An example of the manual “deploy to review app” button once the linter and tests have passed for a given merge request.

Challenge 6: Multiple of the same

Now that we can automatically deploy our review app by pressing a button. We’re running in one last challenge. Remember when we were saving the states, using the Terraform’s Backend feature?

Imagine the specific scenario where you have two feature branches, and you want to deploy a review app for each. Every time you would press the deploy review app button, it would override the most recent API because the “key” of the state is static.

Configuring our services based on variables passed from the CI/CD pipeline.

Unfortunately, you can’t use terraform variables on a backend object to set the key dynamically, but there is a “hacky” workaround that works just the same.

You can use the -backend-config flag during the initializing phase of Terraform, which takes care of installing all the modules for a specific set of resources. That flag allows you to modify the key of the state; in other words, it will enable you to dynamically set where the state is going to be saved for a group of resources.

This then allows us to deploy many of the same services under a different key, thus allowing us to have a unique API for every review apps.

A visualization of the hosts for our Review Apps using Datadog.

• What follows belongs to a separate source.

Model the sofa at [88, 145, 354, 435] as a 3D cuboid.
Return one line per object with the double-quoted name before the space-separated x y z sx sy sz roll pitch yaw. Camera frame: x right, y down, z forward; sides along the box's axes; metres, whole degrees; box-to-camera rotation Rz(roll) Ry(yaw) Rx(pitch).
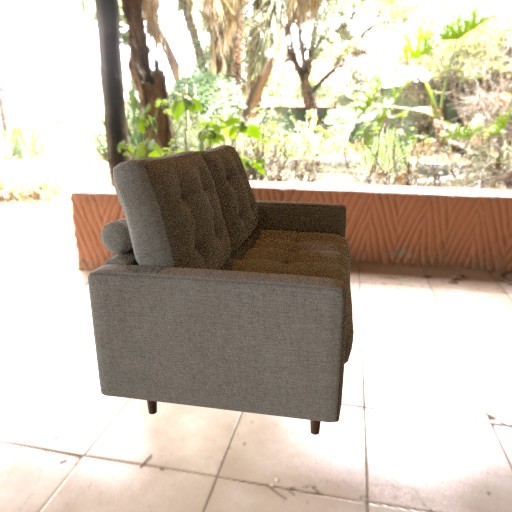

Each hexagon represents an EC2 machine hosting one of our services.

The Who

While these review apps are specifically targeted to improve developer’s happiness, there are also other clear benefits with having that concept in place.

It increases efficiency towards testing and demoing features
It isolates the data (i.e. changes made on one review app will not impact another review app)
It gets cross-functional teams involved quicker (better feedback loop during development time)
It makes testing accurate. It uses similar infrastructure as Production

It also facilitates the data team’s day-to-day activities. In a usual setting, tests are being made on production or staging where the data team needs to constantly filter that data to provide a more accurate picture of key metrics. In other words, it separates test data from real data.

What are your different environments and what are the problems that they are solving? We’d love to hear your thoughts!